Exercise description:
Among the lines below, which ones contain the word "over"? Copy every such line.

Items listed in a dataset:
◇ ◇ ◇ ◇

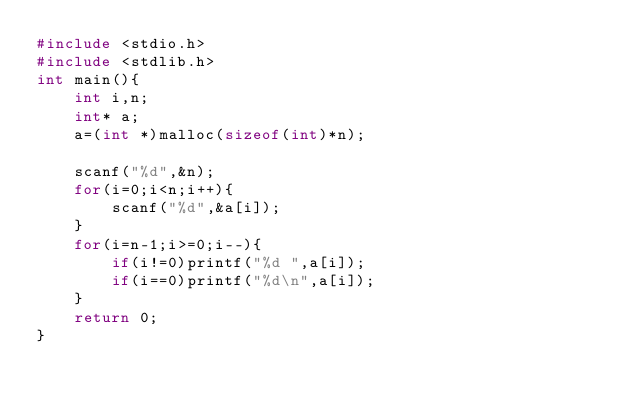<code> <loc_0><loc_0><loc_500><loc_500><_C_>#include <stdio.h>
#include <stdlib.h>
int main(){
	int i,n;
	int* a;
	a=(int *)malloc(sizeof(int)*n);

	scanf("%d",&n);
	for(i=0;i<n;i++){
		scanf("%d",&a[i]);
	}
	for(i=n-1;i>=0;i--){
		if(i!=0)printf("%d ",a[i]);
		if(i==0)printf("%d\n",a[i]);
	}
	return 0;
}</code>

◇ ◇ ◇ ◇

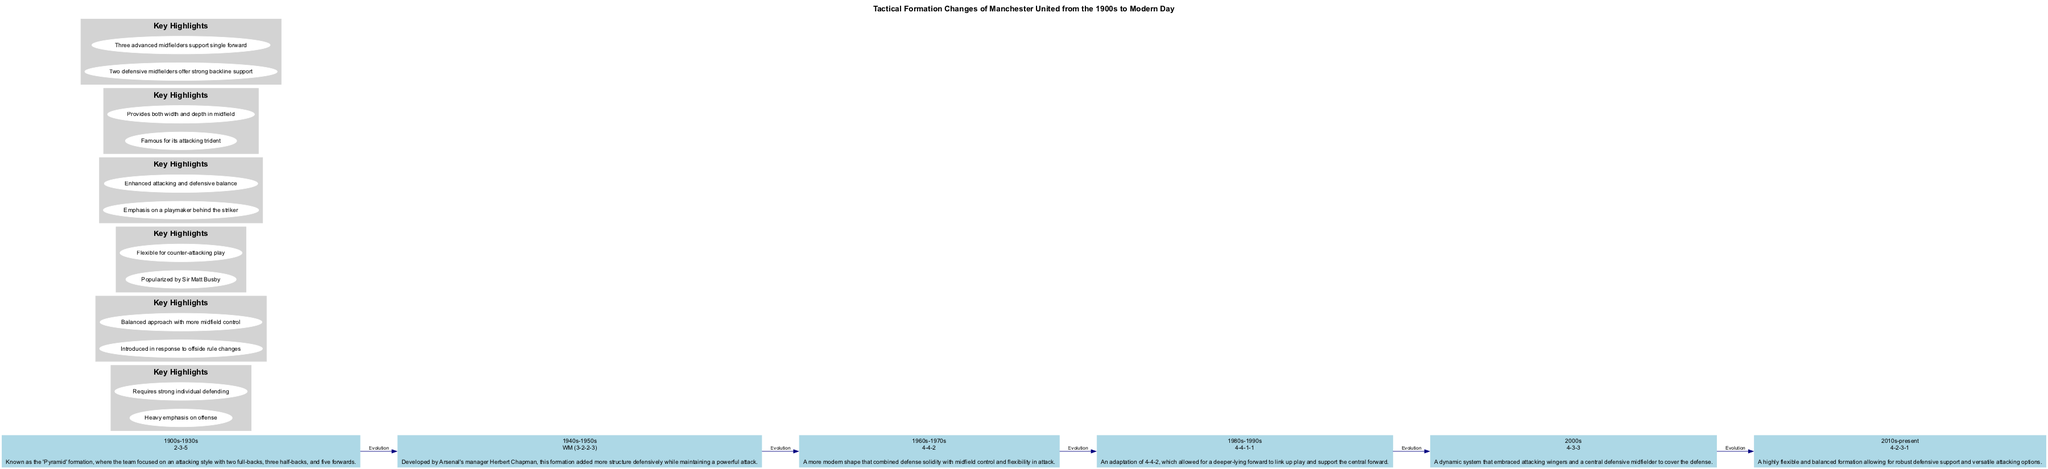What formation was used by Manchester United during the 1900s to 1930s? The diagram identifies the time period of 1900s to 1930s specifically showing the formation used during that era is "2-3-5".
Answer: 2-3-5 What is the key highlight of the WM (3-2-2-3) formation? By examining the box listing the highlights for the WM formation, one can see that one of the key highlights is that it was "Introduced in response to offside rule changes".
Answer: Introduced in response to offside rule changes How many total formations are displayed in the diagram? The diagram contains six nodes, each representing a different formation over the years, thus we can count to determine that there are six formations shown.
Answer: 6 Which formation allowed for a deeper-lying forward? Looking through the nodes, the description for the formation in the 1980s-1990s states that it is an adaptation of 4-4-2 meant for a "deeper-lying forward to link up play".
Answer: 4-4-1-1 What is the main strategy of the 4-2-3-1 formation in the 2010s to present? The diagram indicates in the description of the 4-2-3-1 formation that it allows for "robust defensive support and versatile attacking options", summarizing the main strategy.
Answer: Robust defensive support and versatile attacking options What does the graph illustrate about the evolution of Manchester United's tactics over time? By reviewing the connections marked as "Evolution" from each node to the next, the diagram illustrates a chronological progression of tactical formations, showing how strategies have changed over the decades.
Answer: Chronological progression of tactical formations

◇ ◇ ◇ ◇

Answer box:
Answer: Introduced in response to offside rule changes How many total formations are displayed in the diagram? The diagram contains six nodes, each representing a different formation over the years, thus we can count to determine that there are six formations shown.
Answer: Robust defensive support and versatile attacking options What does the graph illustrate about the evolution of Manchester United's tactics over time? By reviewing the connections marked as "Evolution" from each node to the next, the diagram illustrates a chronological progression of tactical formations, showing how strategies have changed over the decades.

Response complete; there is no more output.